Over skiboot-5.9-rc1, we have the following changes:

  • opal-prd: Fix memory leak

  • hdata/i2c: update the list of known i2c devs

    This updates the list of known i2c devices - as of HDAT spec
    v10.5e - so that they can be properly identified during the hdat
    parsing.

  • hdata/i2c: log unknown i2c devices

    An i2c device is unknown if either the i2c device list is outdated
    or the device is marked as unknown (0xFF) in the hdat.

  • opal/cpu: Mark the core as bad while disabling threads of the core.

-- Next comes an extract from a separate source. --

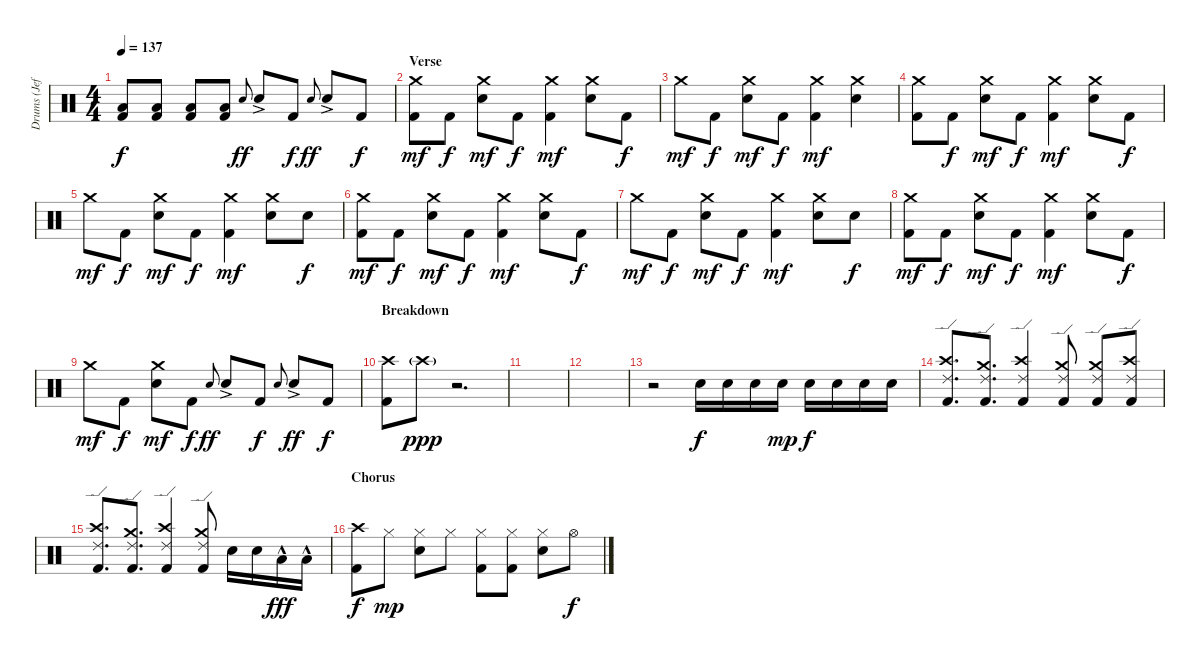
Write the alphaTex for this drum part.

    If any of the core fails to sync its TB during chipTOD
    initialization, all the threads of that core are disabled. But this
    does not make linux kernel to ignore the core/cpus. It crashes while
    bringing them up with below backtrace: :

    [   38.883898] kexec_core: Starting new kernel
    cpu 0x0: Vector: 300 (Data Access) at [c0000003f277b730]
        pc: c0000000001b9890: internal_create_group+0x30/0x304
        lr: c0000000001b9880: internal_create_group+0x20/0x304
        sp: c0000003f277b9b0
       msr: 900000000280b033
       dar: 40
     dsisr: 40000000
      current = 0xc0000003f9f41000
      paca    = 0xc00000000fe00000   softe: 0        irq_happened: 0x01
        pid   = 2572, comm = kexec
    Linux version 4.13.2-openpower1 (jenkins@p89) (gcc version 6.4.0 (Buildroot 2017.08-00006-g319c6e1)) #1 SMP Wed Sep 20 05:42:11 UTC 2017
    enter ? for help
    [c0000003f277b9b0] c0000000008a8780 (unreliable)
    [c0000003f277ba50] c00000000041c3ac topology_add_dev+0x2c/0x40
    [c0000003f277ba70] c00000000006b078 cpuhp_invoke_callback+0x88/0x170
    [c0000003f277bac0] c00000000006b22c cpuhp_up_callbacks+0x54/0xb8
    [c0000003f277bb10] c00000000006bc68 cpu_up+0x11c/0x168
    [c0000003f277bbc0] c00000000002f0e0 default_machine_kexec+0x1fc/0x274
    [c0000003f277bc50] c00000000002e2d8 machine_kexec+0x50/0x58
    [c0000003f277bc70] c0000000000de4e8 kernel_kexec+0x98/0xb4
    [c0000003f277bce0] c00000000008b0f0 SyS_reboot+0x1c8/0x1f4
    [c0000003f277be30] c00000000000b118 system_call+0x58/0x6c
    
  • hw/imc: pause microcode at boot

    IMC nest counters has both in-band (ucode access) and out of band
    access to it. Since not all nest counter configurations are
    supported by ucode, out of band tools are used to characterize other
    configuration.

    So it is prefer to pause the nest microcode at boot to aid the nest
    out of band tools. If the ucode not paused and OS does not have IMC
    driver support, then out to band tools will race with ucode and end
    up getting undesirable values. Patch to check and pause the ucode at
    boot.

    OPAL provides APIs to control IMC counters.
    OPAL_IMC_COUNTERS_INIT is used to initialize these counters at
    boot. OPAL_IMC_COUNTERS_START and OPAL_IMC_COUNTERS_STOP API
    calls should be used to start and pause these IMC engines.
    doc/opal-api/opal-imc-counters.rst details the OPAL APIs and their
    usage.

  • xive: Fix VP free block group mode false-positive parameter check

    The check to ensure the buddy allocation idx is aligned to its
    allocation order was not taking into account the allocation split.
    This would result in opal_xive_free_vp_block failures despite
    giving the same value as returned by opal_xive_alloc_vp_block.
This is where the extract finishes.